Open luizirber opened 1 year ago
soooooo... I have Thoughts. But while I think they are not wrong, they are not fully fleshed out.
When working with massive collections of genomes that have substantial redundancy (GTDB rs214, for example), starting with read-level classification will result in less precise results. This is because many reads will map equally to multiple genomes - even fairly long reads. Evolution, man! (Even discounting issues of contamination and lateral transfer of genomic regions.)
The trick that sourmash uses is to first find the best set of reference genomes, based on unique combinations of distinctive hashes.
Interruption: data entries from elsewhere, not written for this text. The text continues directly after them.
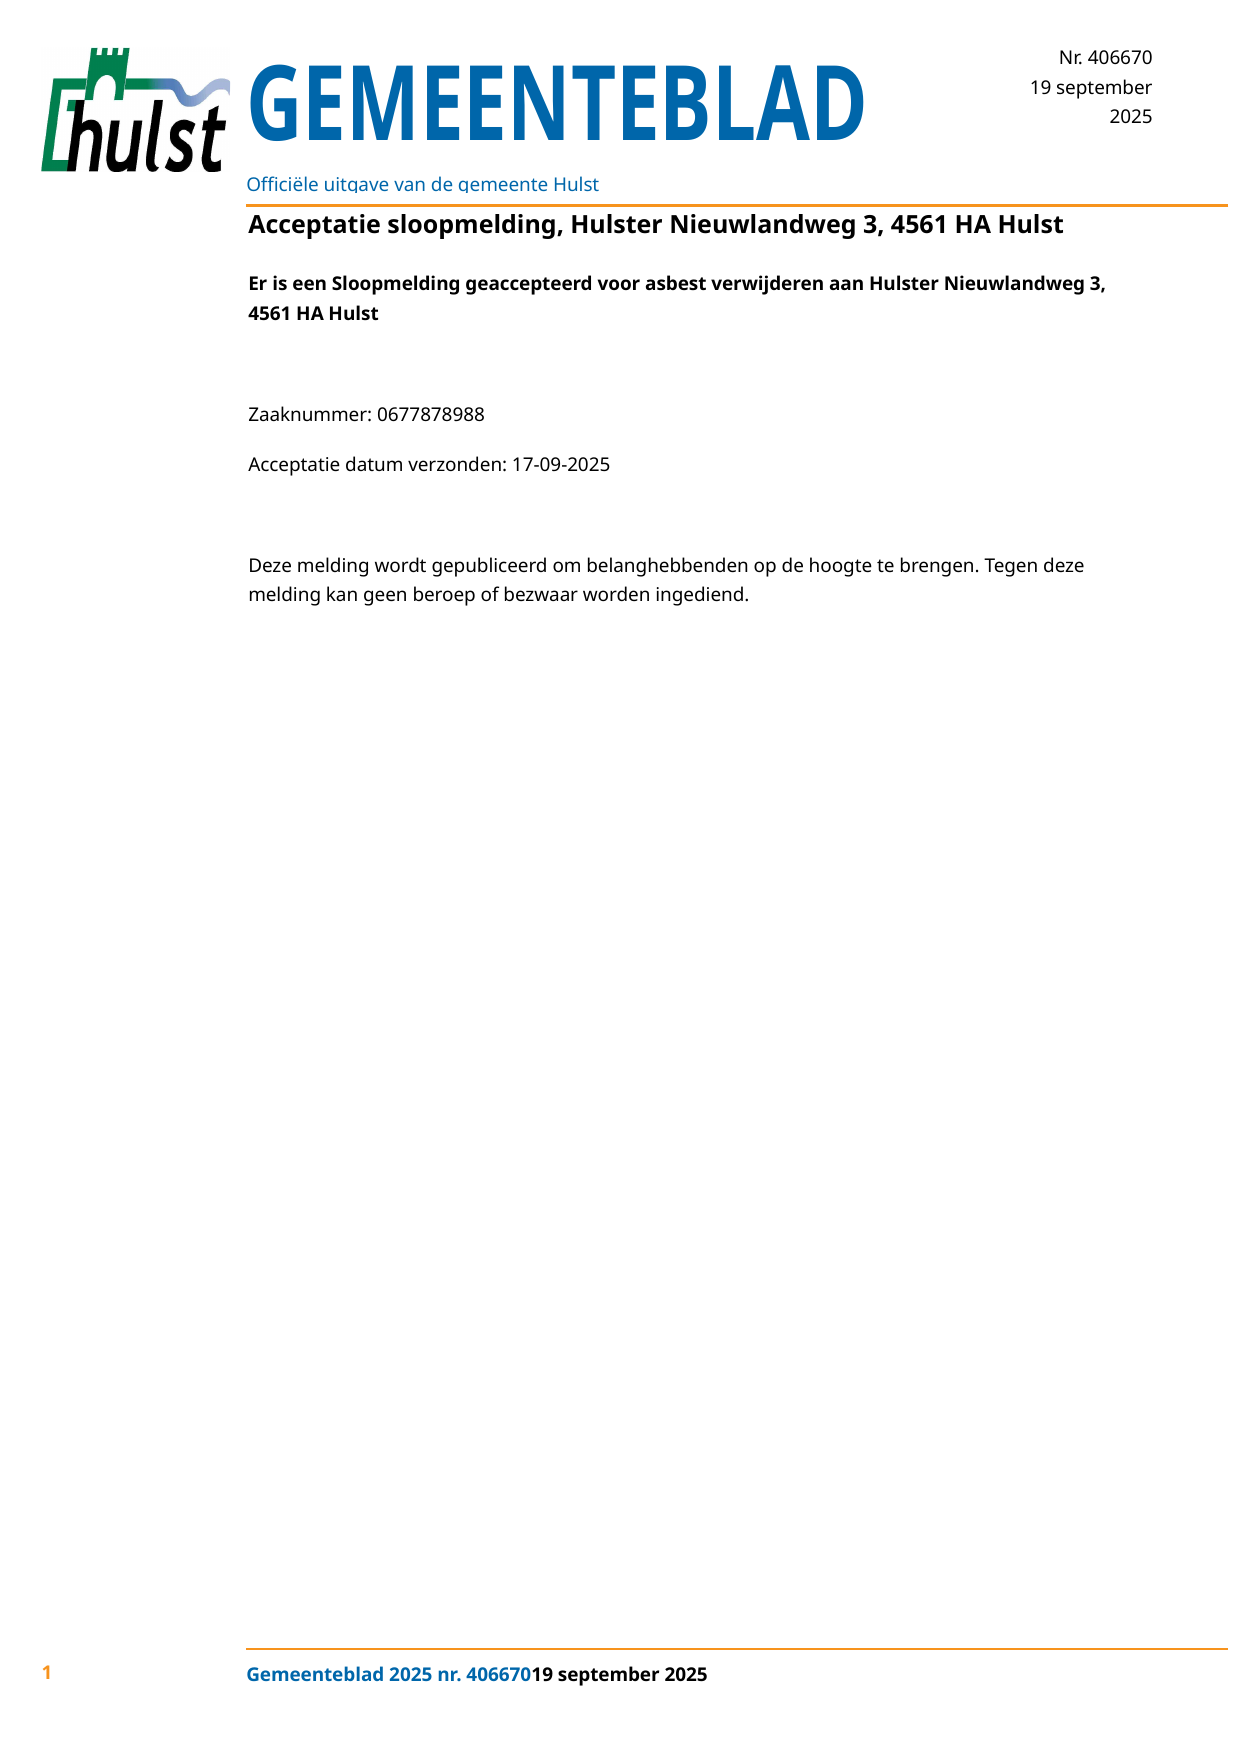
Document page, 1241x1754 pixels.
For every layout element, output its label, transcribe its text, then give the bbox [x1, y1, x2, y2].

picture [41, 47, 231, 172]
text Zaaknummer: 0677878988 [248, 401, 1152, 426]
text Er is een Sloopmelding geaccepteerd voor asbest verwijderen aan Hulster Nieuwlandweg 3, 4561 HA Hulst [248, 270, 1152, 326]
text Deze melding wordt gepubliceerd om belanghebbenden op de hoogte te brengen. Tegen deze melding kan geen beroep of bezwaar worden ingediend. [248, 552, 1152, 607]
text Acceptatie datum verzonden: 17-09-2025 [248, 451, 1152, 477]
text Acceptatie sloopmelding, Hulster Nieuwlandweg 3, 4561 HA Hulst [248, 207, 1152, 241]
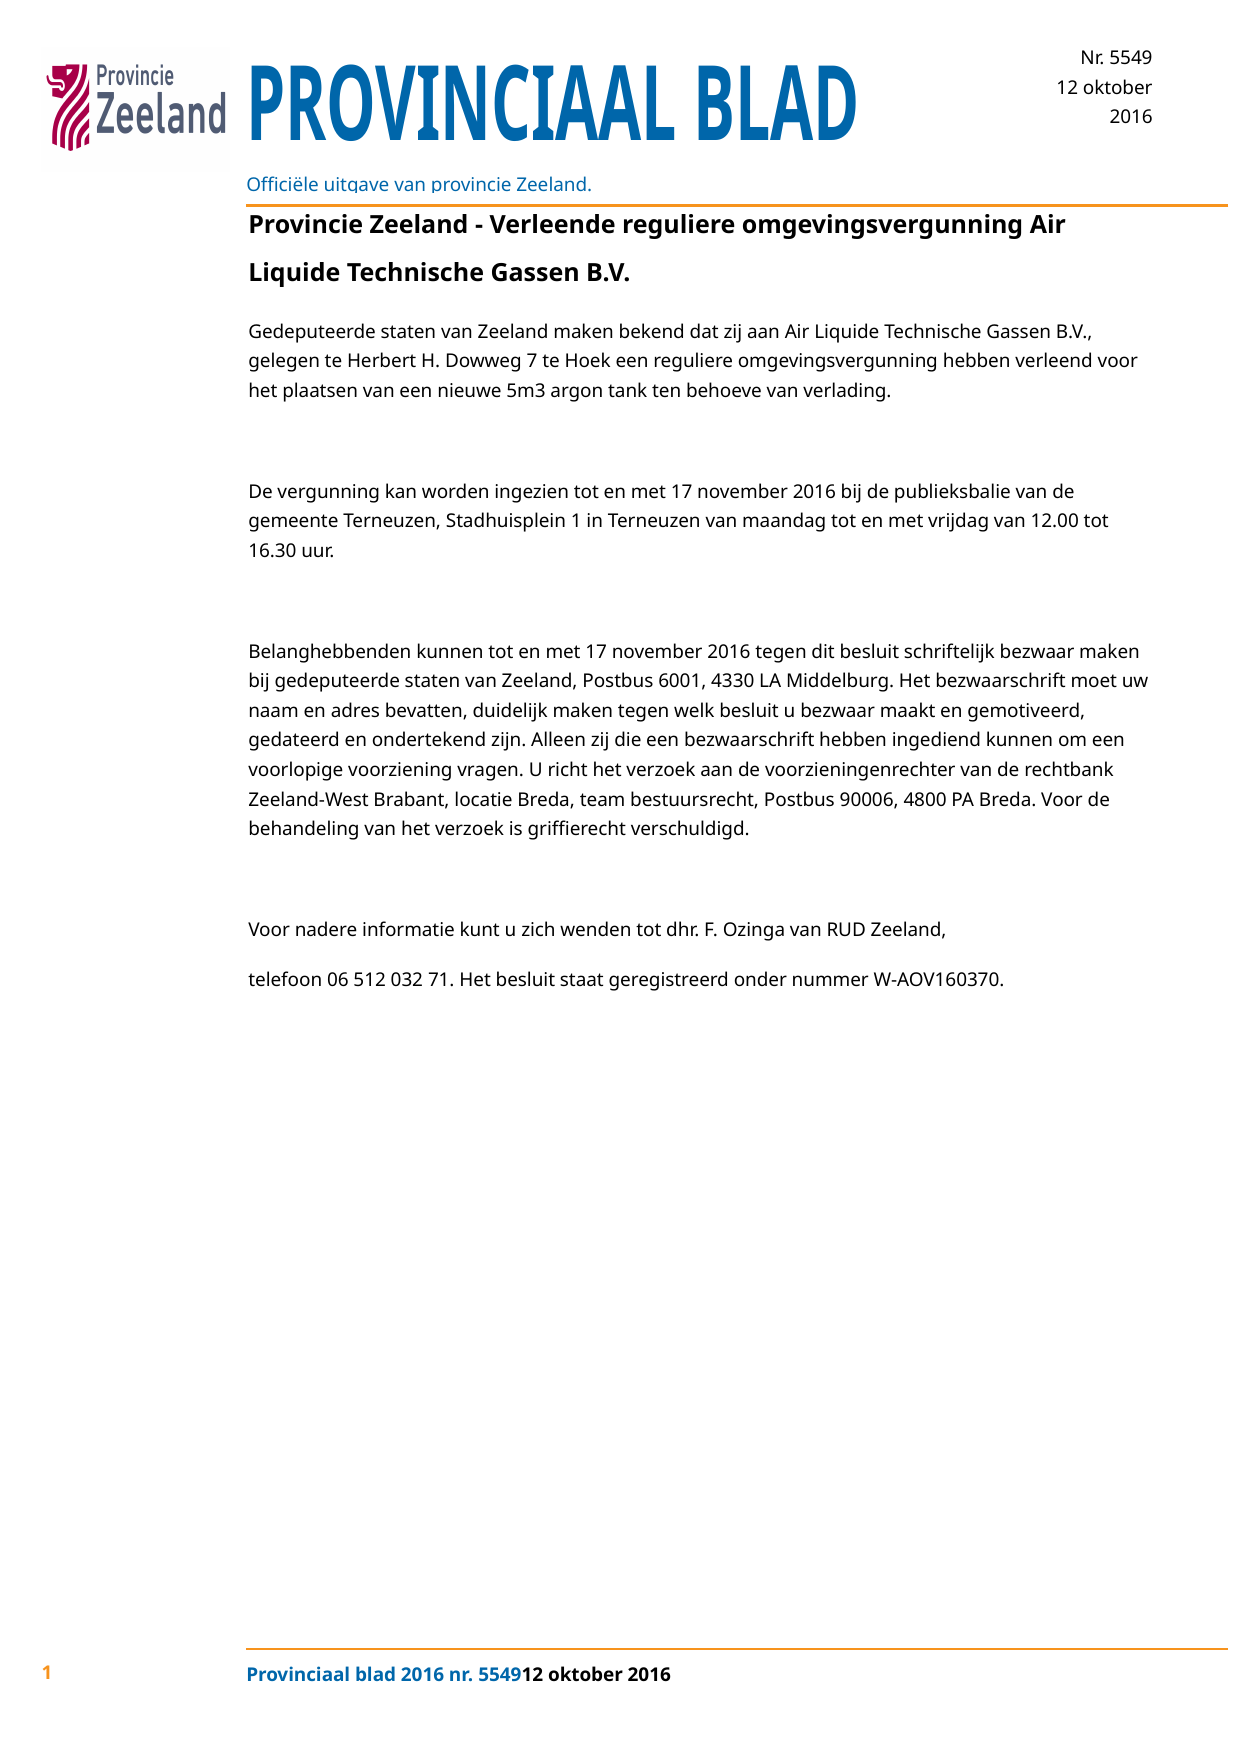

This seems to work well when strain or genome specific regions are available in the reference database, as they typically are in Bacteria and Archaea.
Then you can do things like map reads to those genomes. genome-grist implements this workflow for Illumina read metagenomes.
This is why (I strongly believe, with solid but not yet published receipts ;) sourmash performs so well in Portik et al, 2022. Corollary: single read classification on its own is DoOmED.
However, it's also clear to me that in this case sourmash is simply doing a highly specific and very sensitive database lookup, with no real hope of generalizing to unknown genomes. Maybe that's ok, or maybe not - depends on use case ;).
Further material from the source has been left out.